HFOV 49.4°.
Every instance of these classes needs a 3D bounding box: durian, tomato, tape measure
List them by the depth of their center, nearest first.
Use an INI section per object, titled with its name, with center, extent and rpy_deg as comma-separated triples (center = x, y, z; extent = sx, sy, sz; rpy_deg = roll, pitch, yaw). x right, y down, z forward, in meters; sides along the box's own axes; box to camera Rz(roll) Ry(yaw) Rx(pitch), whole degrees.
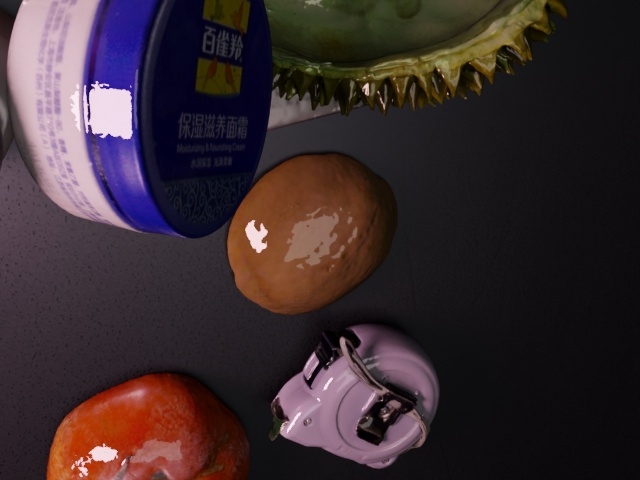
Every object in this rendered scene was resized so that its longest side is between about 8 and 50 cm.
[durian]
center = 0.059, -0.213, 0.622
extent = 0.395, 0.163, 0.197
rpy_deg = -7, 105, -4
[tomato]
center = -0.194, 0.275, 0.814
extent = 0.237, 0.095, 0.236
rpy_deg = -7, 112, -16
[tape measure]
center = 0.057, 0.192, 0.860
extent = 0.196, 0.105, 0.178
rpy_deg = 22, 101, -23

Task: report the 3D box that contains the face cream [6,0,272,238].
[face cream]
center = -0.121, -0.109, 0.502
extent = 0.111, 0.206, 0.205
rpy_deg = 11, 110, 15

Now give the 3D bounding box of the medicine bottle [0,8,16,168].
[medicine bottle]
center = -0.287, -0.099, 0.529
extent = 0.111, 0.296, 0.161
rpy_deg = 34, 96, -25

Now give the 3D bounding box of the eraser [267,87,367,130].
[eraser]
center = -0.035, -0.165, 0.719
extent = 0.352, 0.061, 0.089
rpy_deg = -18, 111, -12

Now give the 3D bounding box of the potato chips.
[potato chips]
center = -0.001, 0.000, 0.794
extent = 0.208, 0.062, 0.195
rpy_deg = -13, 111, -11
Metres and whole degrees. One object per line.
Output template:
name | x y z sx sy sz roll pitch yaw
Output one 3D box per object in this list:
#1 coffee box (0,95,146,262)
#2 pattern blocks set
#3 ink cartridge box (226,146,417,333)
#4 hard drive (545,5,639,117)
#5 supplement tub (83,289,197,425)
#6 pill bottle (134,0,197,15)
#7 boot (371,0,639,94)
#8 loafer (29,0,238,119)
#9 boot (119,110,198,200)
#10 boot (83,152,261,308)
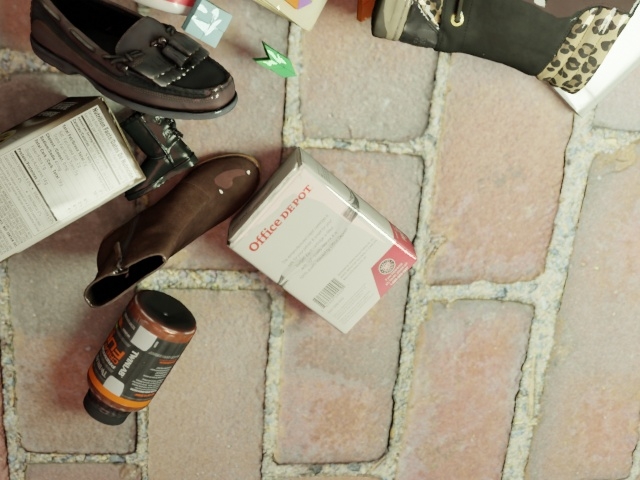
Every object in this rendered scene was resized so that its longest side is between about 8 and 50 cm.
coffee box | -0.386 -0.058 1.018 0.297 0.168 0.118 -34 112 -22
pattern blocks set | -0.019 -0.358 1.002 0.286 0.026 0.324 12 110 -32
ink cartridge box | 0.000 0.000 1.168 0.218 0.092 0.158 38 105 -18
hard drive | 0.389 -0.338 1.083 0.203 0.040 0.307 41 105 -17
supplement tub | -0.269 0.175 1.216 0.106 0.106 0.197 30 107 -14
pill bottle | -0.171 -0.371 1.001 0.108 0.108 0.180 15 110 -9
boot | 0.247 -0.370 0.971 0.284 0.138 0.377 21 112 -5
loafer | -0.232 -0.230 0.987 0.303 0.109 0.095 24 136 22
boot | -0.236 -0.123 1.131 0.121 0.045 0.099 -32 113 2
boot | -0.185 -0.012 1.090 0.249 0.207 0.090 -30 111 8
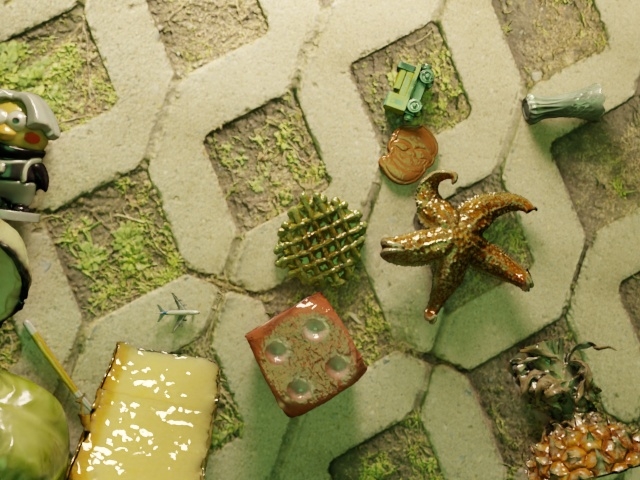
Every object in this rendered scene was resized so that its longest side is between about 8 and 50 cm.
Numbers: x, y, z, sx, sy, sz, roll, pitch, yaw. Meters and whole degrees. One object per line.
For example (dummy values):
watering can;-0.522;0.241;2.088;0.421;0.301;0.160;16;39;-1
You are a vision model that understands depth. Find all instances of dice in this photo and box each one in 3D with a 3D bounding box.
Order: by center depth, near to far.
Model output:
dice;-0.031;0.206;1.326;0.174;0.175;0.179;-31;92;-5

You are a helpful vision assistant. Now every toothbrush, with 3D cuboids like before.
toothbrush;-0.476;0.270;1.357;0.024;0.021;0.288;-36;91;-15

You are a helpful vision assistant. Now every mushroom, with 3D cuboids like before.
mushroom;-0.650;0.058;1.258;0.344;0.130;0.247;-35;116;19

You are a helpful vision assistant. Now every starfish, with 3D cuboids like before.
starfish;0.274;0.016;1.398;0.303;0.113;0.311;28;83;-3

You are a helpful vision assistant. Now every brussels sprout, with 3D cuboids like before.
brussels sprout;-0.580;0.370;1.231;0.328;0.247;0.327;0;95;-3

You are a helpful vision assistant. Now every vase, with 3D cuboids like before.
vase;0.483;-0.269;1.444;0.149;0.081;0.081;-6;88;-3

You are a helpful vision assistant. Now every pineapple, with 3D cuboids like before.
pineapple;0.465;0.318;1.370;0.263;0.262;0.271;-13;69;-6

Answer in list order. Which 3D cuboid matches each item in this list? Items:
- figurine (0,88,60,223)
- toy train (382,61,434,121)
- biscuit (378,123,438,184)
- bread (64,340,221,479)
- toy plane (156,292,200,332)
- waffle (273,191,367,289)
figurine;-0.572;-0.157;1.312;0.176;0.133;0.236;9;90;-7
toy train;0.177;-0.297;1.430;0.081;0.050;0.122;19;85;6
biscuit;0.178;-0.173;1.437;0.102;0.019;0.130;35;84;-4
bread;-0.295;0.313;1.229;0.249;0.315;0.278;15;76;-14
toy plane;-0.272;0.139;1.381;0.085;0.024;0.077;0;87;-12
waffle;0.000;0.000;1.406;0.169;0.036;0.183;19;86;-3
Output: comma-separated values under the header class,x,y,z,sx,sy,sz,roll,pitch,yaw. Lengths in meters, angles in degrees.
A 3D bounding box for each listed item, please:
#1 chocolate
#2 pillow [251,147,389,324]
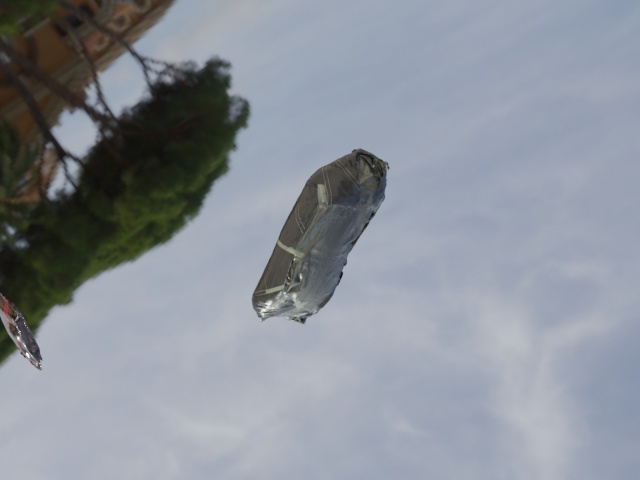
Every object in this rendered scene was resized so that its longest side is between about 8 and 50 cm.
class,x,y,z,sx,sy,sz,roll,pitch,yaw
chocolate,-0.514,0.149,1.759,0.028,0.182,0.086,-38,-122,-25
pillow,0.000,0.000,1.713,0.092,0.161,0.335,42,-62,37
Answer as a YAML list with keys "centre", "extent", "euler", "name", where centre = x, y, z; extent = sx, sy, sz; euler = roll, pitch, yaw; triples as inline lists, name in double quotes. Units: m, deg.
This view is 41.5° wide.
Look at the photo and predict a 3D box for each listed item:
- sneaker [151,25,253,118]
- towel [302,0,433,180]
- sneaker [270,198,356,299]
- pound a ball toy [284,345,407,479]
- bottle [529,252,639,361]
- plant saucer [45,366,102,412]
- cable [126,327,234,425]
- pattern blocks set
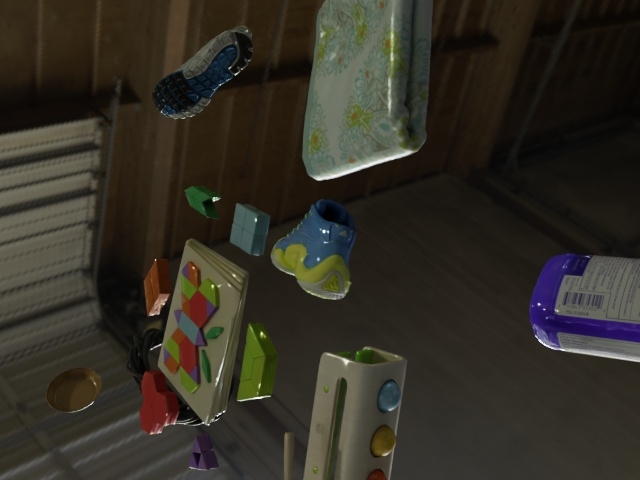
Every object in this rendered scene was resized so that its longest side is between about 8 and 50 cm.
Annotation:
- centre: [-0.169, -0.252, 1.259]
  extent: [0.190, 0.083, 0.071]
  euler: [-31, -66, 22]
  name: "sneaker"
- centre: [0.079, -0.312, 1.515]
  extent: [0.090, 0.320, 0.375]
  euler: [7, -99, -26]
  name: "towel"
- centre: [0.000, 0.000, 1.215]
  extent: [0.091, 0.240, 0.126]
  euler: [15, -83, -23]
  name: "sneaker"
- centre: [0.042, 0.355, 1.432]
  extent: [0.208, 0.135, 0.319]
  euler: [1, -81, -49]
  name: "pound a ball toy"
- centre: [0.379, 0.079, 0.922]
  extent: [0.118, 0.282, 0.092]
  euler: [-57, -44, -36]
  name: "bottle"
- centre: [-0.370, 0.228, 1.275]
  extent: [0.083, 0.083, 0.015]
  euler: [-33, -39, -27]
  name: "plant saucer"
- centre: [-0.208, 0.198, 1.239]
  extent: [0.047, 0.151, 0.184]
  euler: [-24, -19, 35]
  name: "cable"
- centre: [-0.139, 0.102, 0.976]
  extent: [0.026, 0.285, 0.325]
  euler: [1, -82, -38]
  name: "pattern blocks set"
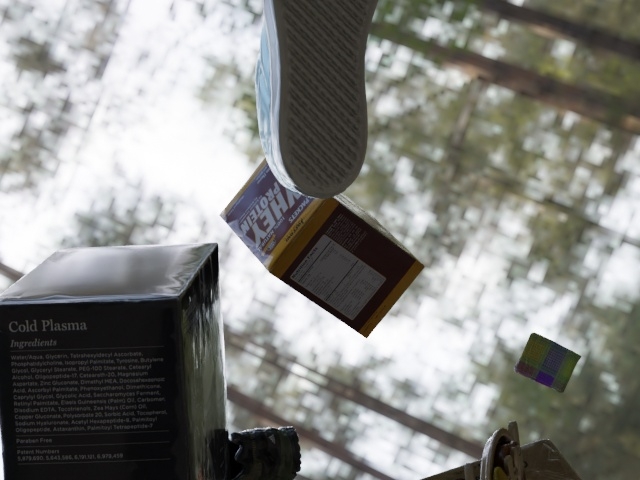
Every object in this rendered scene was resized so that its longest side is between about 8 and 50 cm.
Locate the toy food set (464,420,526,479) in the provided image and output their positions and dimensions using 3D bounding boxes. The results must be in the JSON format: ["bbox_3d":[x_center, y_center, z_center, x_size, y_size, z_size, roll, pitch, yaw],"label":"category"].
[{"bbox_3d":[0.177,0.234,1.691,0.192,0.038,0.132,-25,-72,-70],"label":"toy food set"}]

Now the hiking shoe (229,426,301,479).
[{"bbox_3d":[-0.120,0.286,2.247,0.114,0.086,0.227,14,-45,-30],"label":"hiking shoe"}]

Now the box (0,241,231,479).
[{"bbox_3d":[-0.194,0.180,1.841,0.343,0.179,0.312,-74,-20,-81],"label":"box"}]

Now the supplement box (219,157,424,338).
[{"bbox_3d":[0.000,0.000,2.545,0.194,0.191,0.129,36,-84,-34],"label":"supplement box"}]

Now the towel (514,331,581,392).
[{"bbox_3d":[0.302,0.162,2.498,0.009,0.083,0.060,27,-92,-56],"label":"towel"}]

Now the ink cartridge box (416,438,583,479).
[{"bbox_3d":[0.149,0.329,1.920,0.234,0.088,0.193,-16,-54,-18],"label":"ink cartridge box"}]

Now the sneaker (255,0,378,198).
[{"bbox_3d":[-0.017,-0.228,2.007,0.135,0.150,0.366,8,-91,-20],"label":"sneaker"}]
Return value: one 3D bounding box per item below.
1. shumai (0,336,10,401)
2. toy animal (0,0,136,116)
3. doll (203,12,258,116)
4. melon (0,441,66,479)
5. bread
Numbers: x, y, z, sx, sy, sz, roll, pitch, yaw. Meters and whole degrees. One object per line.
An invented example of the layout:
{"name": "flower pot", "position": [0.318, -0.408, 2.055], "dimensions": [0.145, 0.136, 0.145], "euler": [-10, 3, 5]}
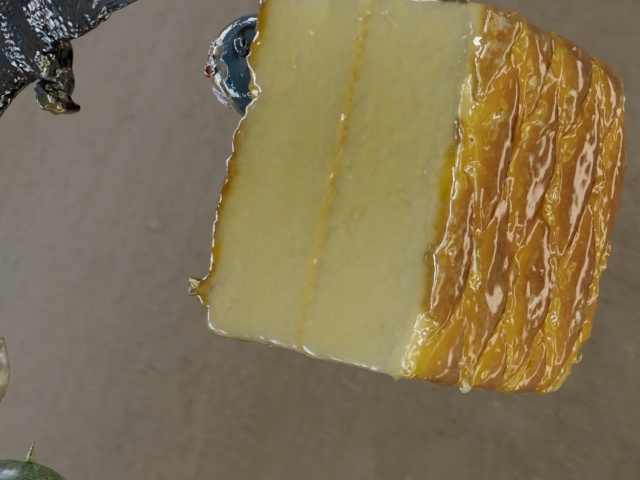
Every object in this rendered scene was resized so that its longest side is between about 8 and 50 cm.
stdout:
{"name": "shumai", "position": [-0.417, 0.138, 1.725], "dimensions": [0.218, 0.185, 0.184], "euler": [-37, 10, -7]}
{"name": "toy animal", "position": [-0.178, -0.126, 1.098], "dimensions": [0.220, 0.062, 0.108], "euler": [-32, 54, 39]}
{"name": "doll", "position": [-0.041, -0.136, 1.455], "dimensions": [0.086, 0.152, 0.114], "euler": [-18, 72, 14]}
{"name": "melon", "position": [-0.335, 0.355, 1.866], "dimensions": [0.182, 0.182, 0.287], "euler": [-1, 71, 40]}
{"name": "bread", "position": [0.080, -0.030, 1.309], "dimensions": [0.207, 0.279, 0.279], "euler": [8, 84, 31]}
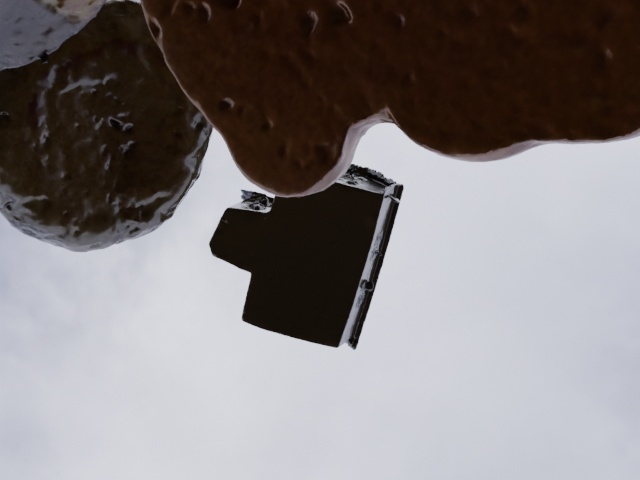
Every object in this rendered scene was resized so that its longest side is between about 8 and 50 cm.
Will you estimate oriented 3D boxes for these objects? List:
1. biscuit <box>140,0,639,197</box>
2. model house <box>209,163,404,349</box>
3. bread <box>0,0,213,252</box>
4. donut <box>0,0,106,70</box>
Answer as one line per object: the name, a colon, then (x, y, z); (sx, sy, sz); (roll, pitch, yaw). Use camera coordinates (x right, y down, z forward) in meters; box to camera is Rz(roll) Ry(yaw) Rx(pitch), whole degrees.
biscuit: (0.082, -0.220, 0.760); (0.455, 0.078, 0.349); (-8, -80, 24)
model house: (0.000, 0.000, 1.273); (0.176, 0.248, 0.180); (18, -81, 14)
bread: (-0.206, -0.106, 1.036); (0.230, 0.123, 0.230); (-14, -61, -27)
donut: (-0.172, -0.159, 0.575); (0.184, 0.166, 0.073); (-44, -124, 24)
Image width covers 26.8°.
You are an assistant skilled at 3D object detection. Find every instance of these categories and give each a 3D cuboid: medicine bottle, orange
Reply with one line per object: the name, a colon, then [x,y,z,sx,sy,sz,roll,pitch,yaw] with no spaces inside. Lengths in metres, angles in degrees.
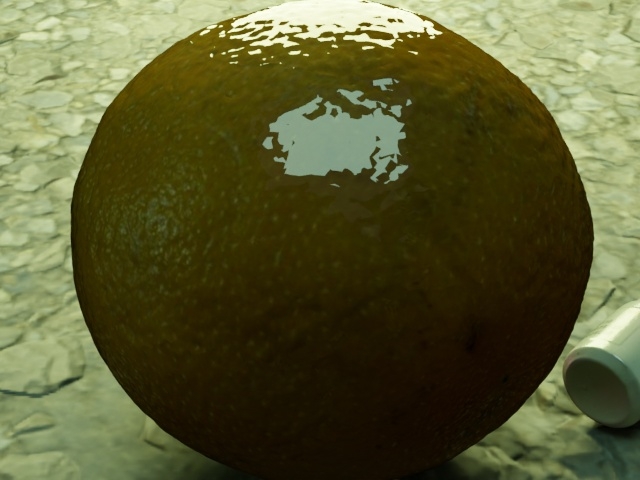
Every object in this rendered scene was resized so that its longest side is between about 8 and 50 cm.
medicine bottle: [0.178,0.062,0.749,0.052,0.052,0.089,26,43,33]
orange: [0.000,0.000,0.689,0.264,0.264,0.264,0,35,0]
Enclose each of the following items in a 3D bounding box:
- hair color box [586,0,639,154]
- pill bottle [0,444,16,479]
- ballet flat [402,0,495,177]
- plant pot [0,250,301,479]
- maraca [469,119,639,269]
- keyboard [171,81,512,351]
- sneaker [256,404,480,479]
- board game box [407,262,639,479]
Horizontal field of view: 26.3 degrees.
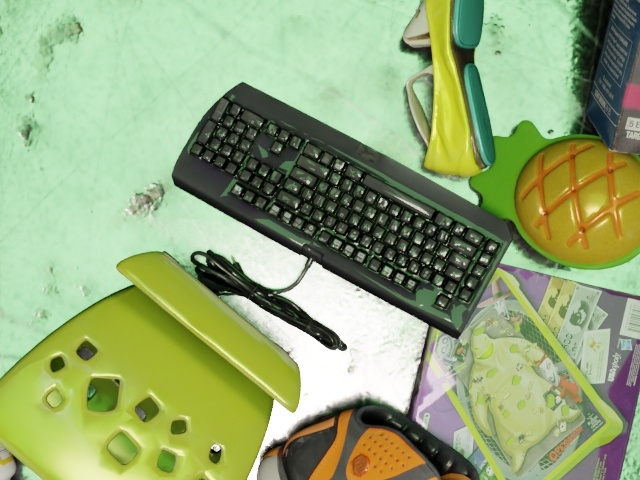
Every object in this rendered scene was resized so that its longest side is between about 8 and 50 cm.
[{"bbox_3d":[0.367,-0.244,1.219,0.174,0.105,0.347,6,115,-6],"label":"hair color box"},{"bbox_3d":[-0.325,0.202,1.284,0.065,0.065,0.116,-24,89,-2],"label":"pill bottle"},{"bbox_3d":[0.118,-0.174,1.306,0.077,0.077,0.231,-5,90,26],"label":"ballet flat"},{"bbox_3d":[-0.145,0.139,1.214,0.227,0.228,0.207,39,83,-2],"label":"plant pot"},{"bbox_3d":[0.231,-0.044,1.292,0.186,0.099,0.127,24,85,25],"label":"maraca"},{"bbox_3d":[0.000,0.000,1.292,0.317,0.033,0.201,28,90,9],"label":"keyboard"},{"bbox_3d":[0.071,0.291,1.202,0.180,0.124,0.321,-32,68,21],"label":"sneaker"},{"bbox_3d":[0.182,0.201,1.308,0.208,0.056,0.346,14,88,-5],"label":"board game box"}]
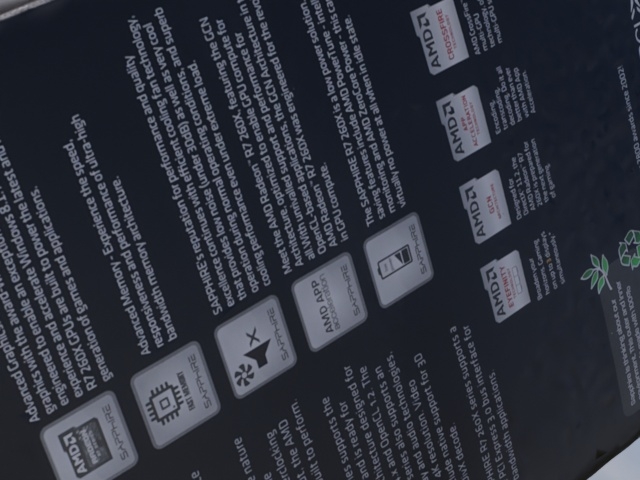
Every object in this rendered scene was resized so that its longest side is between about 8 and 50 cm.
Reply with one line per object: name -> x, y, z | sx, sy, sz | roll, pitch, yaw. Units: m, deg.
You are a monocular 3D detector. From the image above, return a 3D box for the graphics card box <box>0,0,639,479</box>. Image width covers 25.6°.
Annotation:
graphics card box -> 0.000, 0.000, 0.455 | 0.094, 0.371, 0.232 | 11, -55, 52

* **Required action**
Begin with the first line of the entries above and write out each line exactly, ending with the line containing "name | x y z sx sy sz roll pitch yaw". Leave out pictures.

* **Result of the task**
HFOV 49.4°.
Every instance of these classes needs a 3D bounding box: durian, tomato, tape measure
List them by the depth of their center, nearest first.
Use an INI section per object, titled with its name, with center, extent and rpy_deg as comma-separated triples (center = x, y, z; extent = sx, sy, sz; rpy_deg = roll, pitch, yaw). x right, y down, z forward, in meters; sides along the box's own axes; box to camera Rz(roll) Ry(yaw) Rx(pitch), whole degrees.
Every object in this rendered scene was resized so that its longest side is between about 8 and 50 cm.
[durian]
center = 0.059, -0.213, 0.622
extent = 0.395, 0.163, 0.197
rpy_deg = -7, 105, -4
[tomato]
center = -0.194, 0.275, 0.814
extent = 0.237, 0.095, 0.236
rpy_deg = -7, 112, -16
[tape measure]
center = 0.057, 0.192, 0.860
extent = 0.196, 0.105, 0.178
rpy_deg = 22, 101, -23

Task: report the 3D box that contains the face cream [6,0,272,238].
[face cream]
center = -0.121, -0.109, 0.502
extent = 0.111, 0.206, 0.205
rpy_deg = 11, 110, 15

Now give the 3D bounding box of the medicine bottle [0,8,16,168].
[medicine bottle]
center = -0.287, -0.099, 0.529
extent = 0.111, 0.296, 0.161
rpy_deg = 34, 96, -25

Now give the 3D bounding box of the eraser [267,87,367,130].
[eraser]
center = -0.035, -0.165, 0.719
extent = 0.352, 0.061, 0.089
rpy_deg = -18, 111, -12

Now give the 3D bounding box of the potato chips.
[potato chips]
center = -0.001, 0.000, 0.794
extent = 0.208, 0.062, 0.195
rpy_deg = -13, 111, -11
Metres and whole degrees. One object per line.
Output template:
name | x y z sx sy sz roll pitch yaw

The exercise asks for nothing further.